(TASK OBJECTIVE)
Output only the lines that run from the line holding "Where should I" to the end of the data below, including both ends, without any pictures.
[DATASET EXTRACT — start]
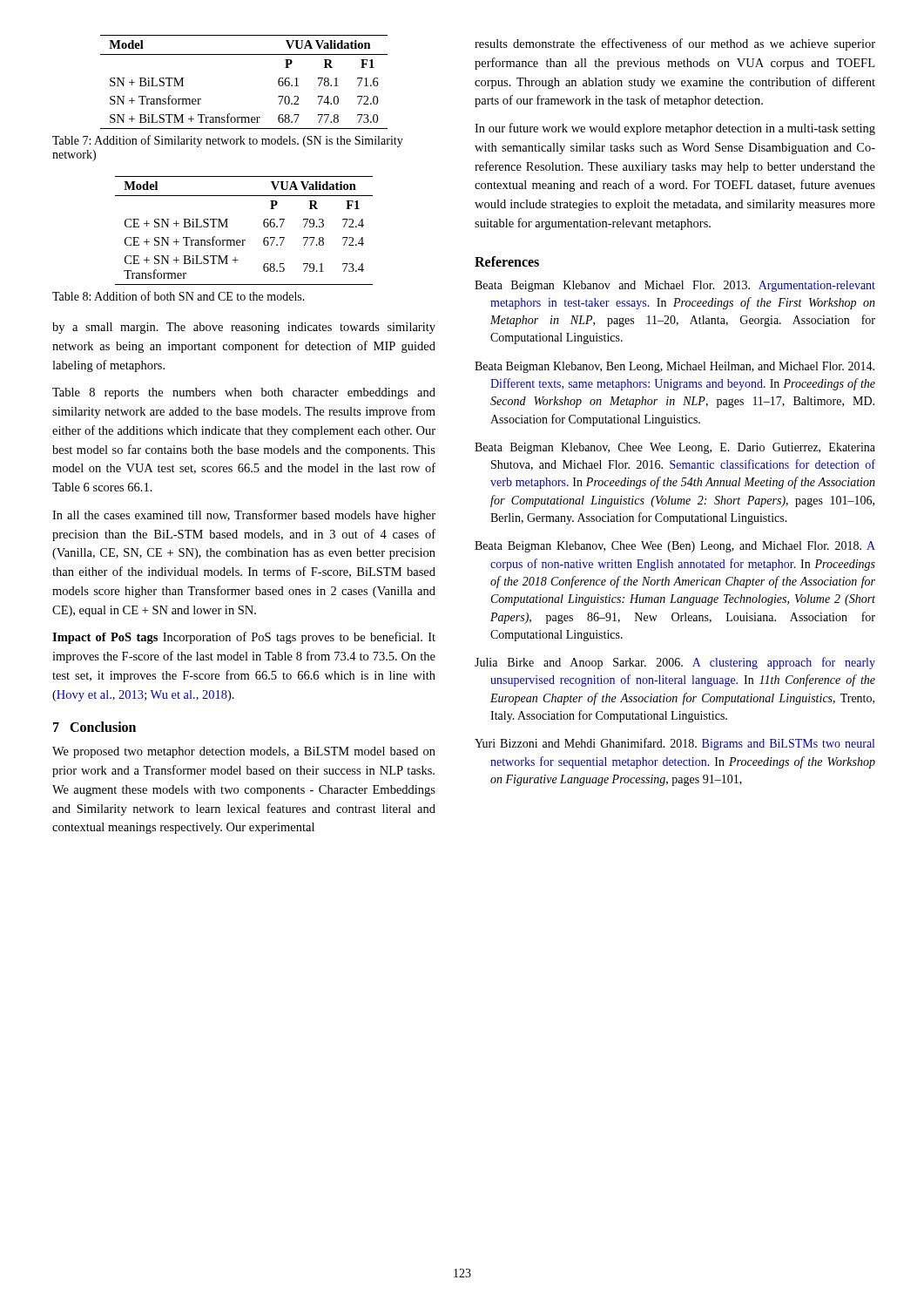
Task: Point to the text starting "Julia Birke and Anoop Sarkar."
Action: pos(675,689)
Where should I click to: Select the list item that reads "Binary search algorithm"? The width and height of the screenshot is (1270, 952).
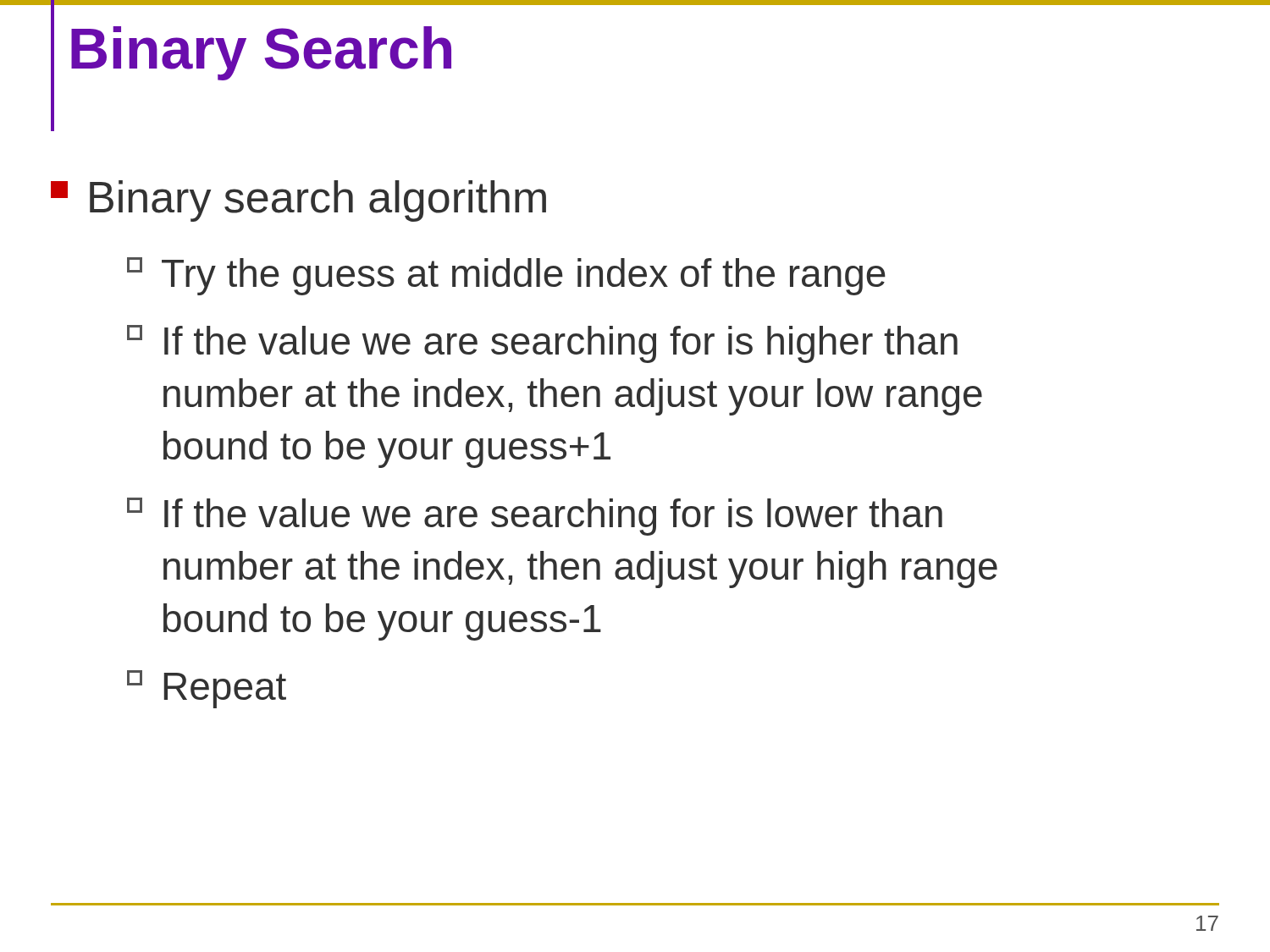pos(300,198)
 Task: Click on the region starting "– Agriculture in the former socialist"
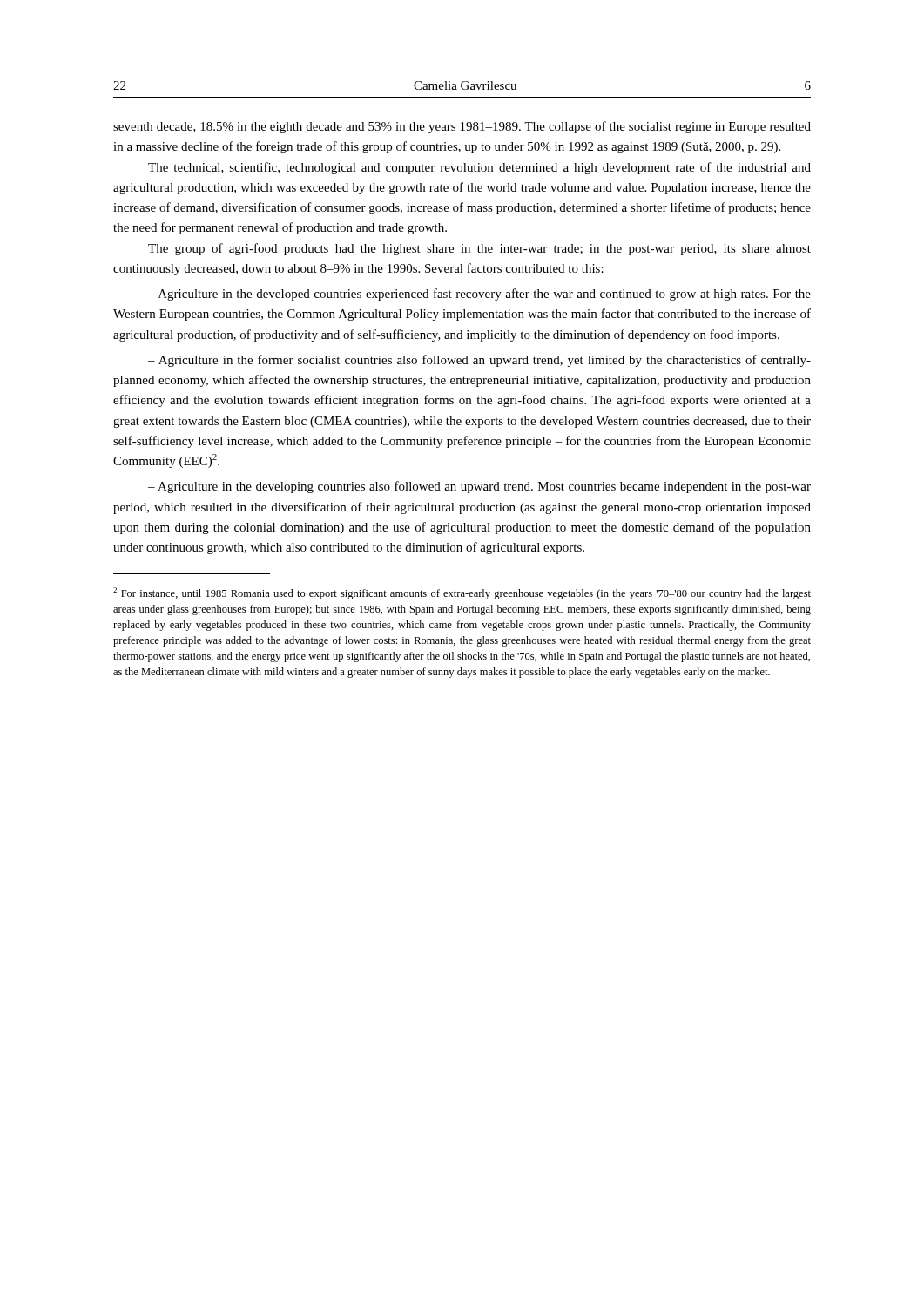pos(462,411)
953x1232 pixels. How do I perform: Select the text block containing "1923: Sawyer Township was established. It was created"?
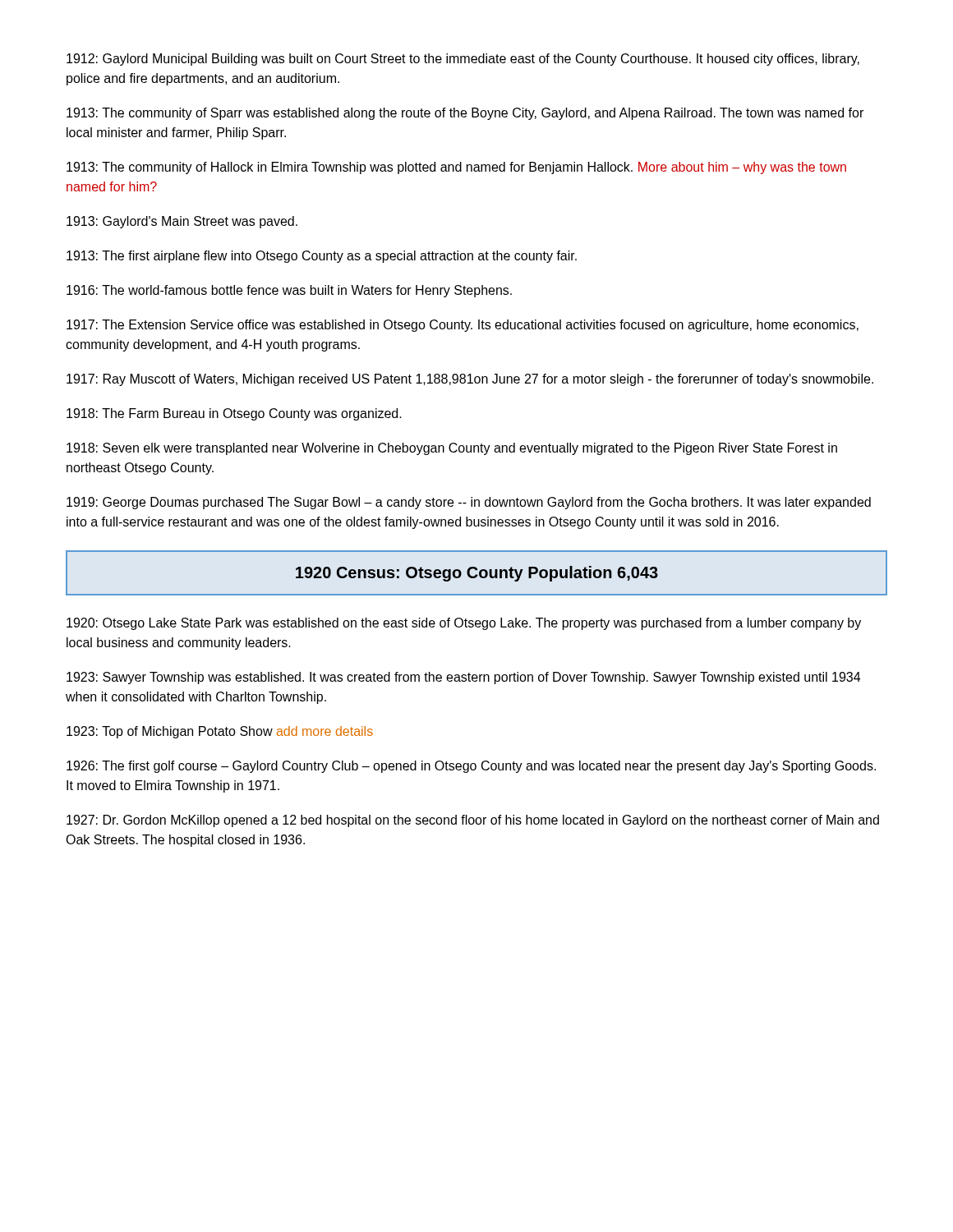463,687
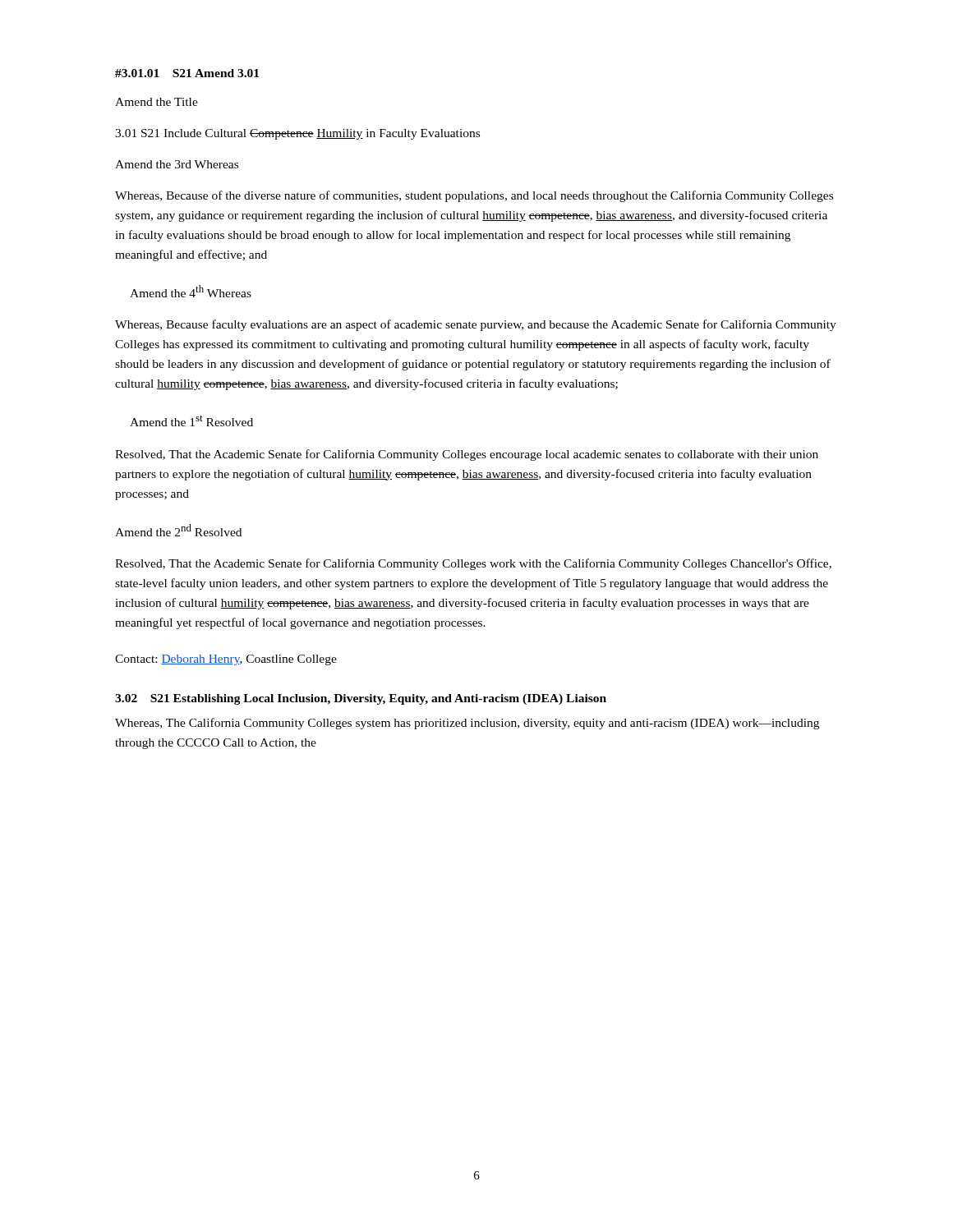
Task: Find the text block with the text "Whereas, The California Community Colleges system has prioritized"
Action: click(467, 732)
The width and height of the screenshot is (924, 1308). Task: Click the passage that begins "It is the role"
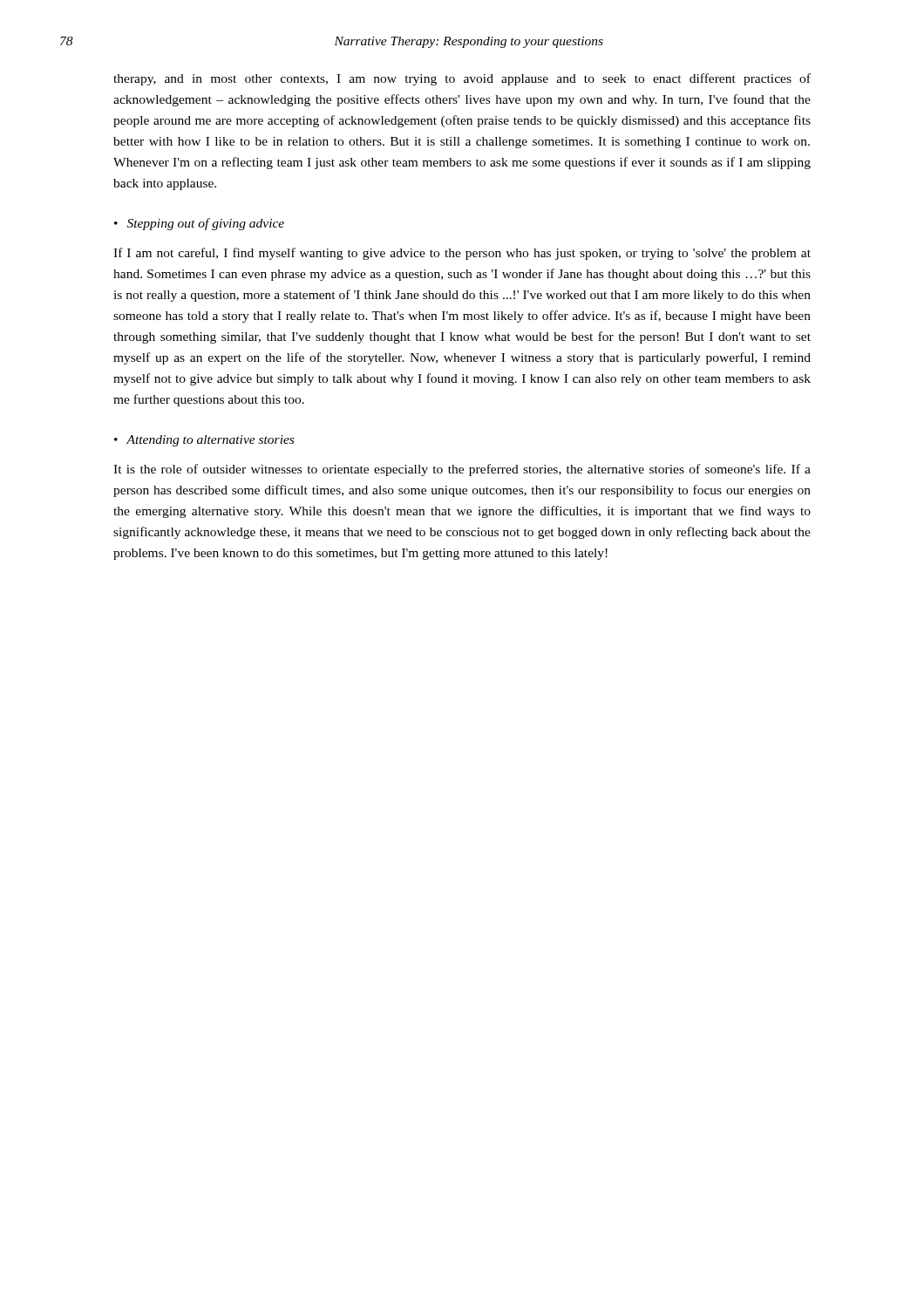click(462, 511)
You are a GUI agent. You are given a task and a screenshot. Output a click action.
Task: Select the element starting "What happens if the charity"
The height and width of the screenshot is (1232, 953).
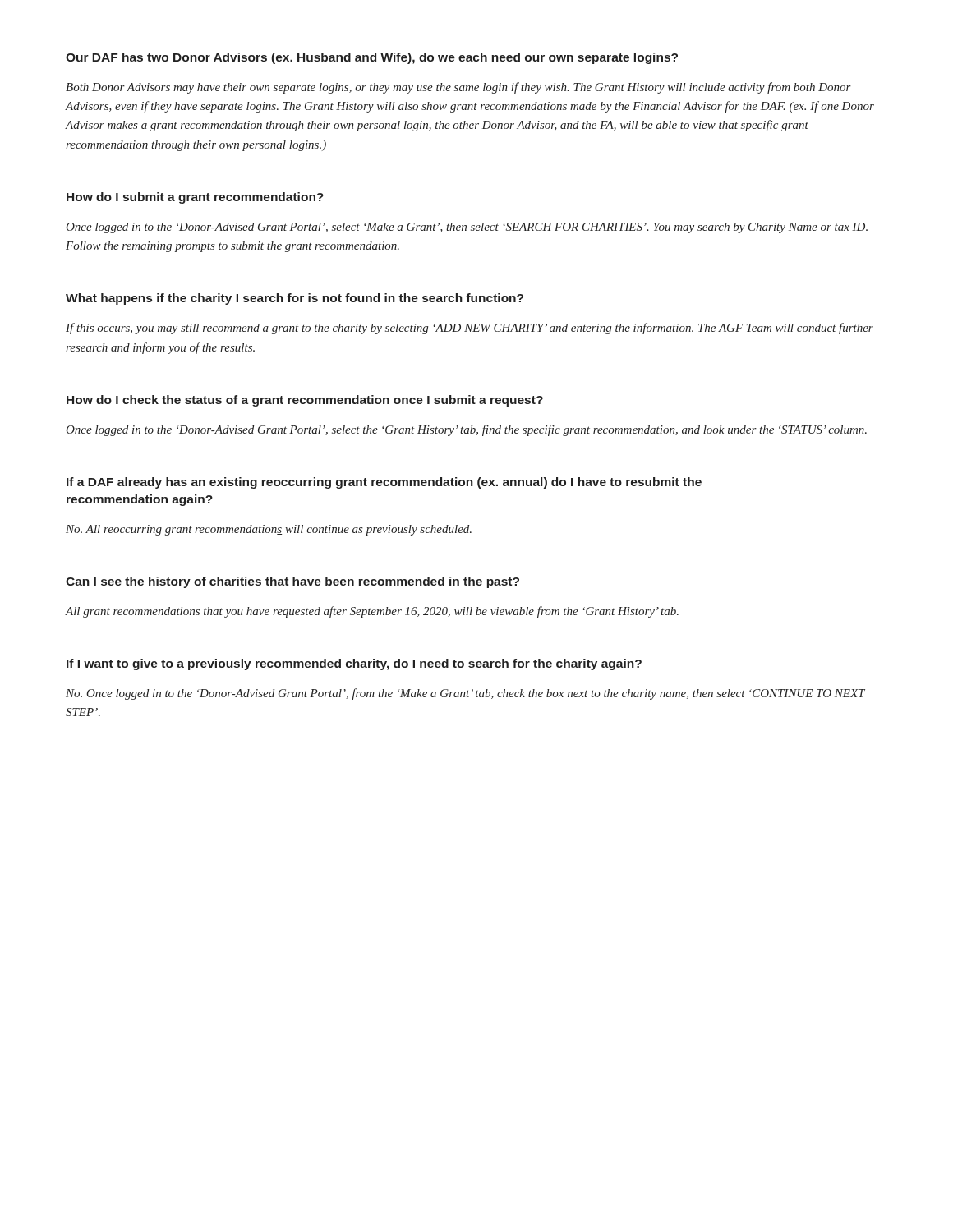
[DATASET EXTRACT — finish]
(YOUR SOLUTION)
Where should I click to: Select the list item that reads "Binary search algorithm"? The width and height of the screenshot is (1270, 952).
pos(300,198)
 Task: Click on the region starting "– Agriculture in the former socialist"
pos(462,411)
953x1232 pixels. How do I perform: Select the text block containing "1923: Sawyer Township was established. It was created"?
463,687
Task: Find the text block with the text "Whereas, The California Community Colleges system has prioritized"
Action: click(467, 732)
The width and height of the screenshot is (924, 1308). Task: Click the passage that begins "It is the role"
click(462, 511)
You are a GUI agent. You are given a task and a screenshot. Output a click action.
Task: Select the element starting "What happens if the charity"
The height and width of the screenshot is (1232, 953).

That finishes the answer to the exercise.